Hutcherson v. State
In Hutcherson v. State, 677 So. 2d 1174, 1175 (Ala. Cr. App. 1994), the appellant had argued that the trial court erred in failing to instruct the jury on manslaughter where the trial court had given the jury an instruction on intoxication. The appellant in Hutcherson also cited Fletcher v. State, [621 So. 2d 1010 (Ala. Crim. App. 1993)], in support of his argument. However, in Hutcherson, the Court held that it was not plain error for the trial court to fail to give a manslaughter charge when it had given a charge on intoxication. One of the reasons given for this determination was based on the evidence at trial--there had been no indication that the appellant was so intoxicated that he could not form the necessary intent, despite his statement that he had ingested drugs and alcohol before the murder.
The Court stated:
"'The evidence of the appellant's intoxication was the appellant's statement that he had taken five Valiums and had drunk alcohol before the murder. There is absolutely no evidence in the record that shows when prior to the murder these intoxicants were ingested. Also, the appellant's mother, who picked the appellant up on Moffatt Road after the murder, when asked if the appellant appeared intoxicated, stated that he looked "real tired." The jury's finding that the appellant was not so intoxicated that he could not form the specific intent is supported by the evidence.

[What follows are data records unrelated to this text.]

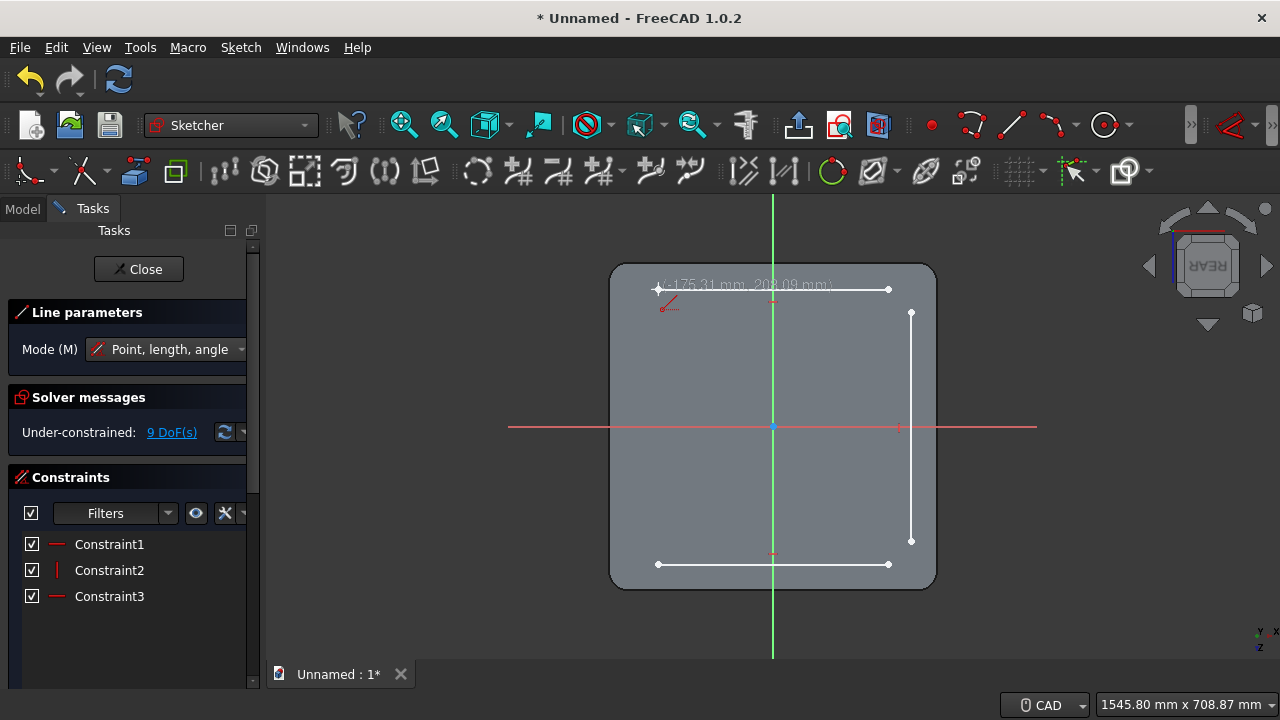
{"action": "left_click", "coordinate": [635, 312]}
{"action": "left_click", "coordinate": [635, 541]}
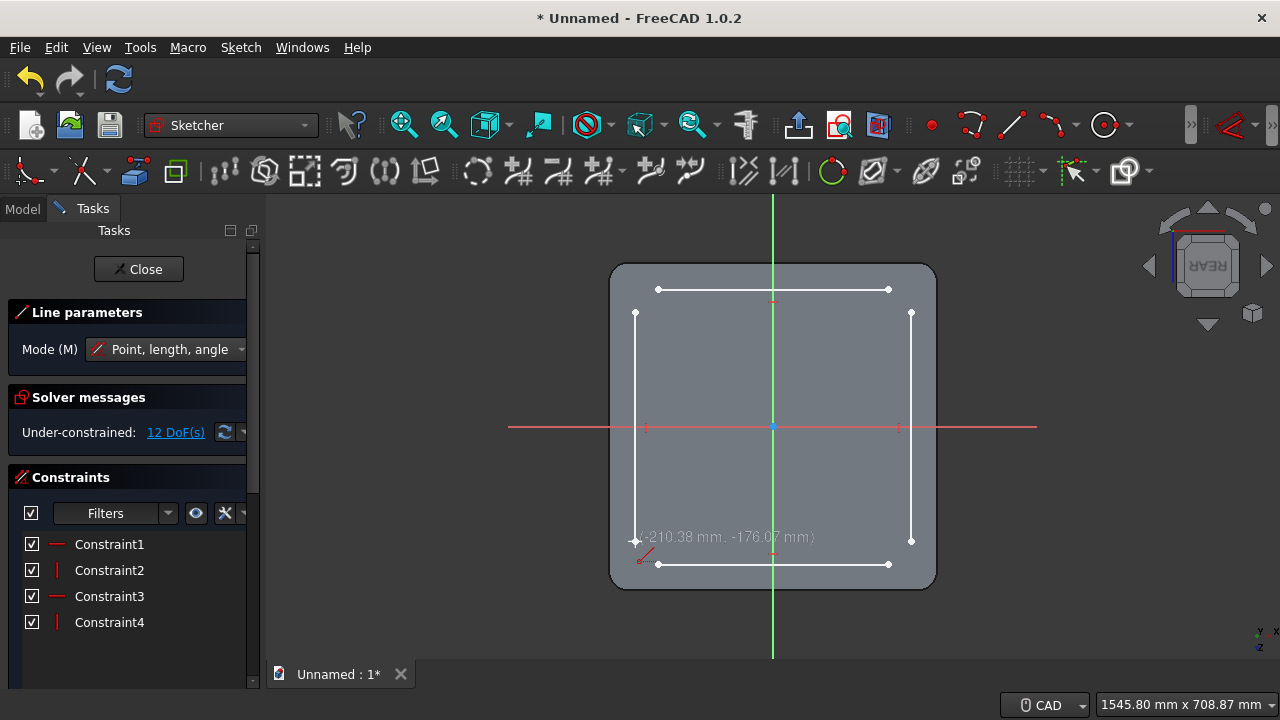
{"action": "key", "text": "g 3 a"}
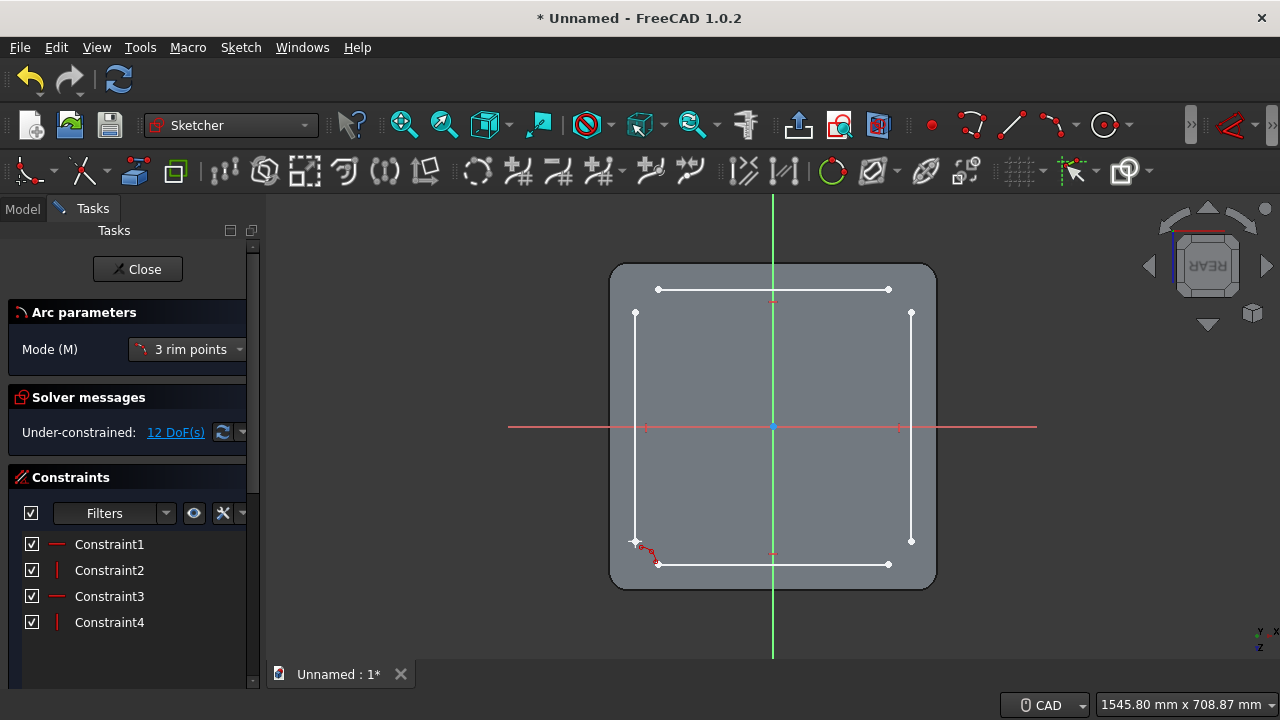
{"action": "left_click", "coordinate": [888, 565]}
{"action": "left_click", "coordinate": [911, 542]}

"'"In the present case, the record contains no evidence either that defendant consumed an inordinate quantity of drugs or alcohol, or that his behavior actually demonstrated diminished capacity. Accordingly, the court committed no error in failing to instruct the jury on lesser included offenses based on defendant's failure to form a specific intent to commit the underlying felony."
"' People v. Kaurish, 52 Cal. 3d 648, 276 Cal. Rptr. 788, 813, 802 P.2d 278, 303 [(1990)], cert. denied, 502 U.S. 837, 112 S. Ct. 121, 116 L. Ed. 2d 89 (1991).' " Hutcherson, supra, [677 So. 2d] at 1198."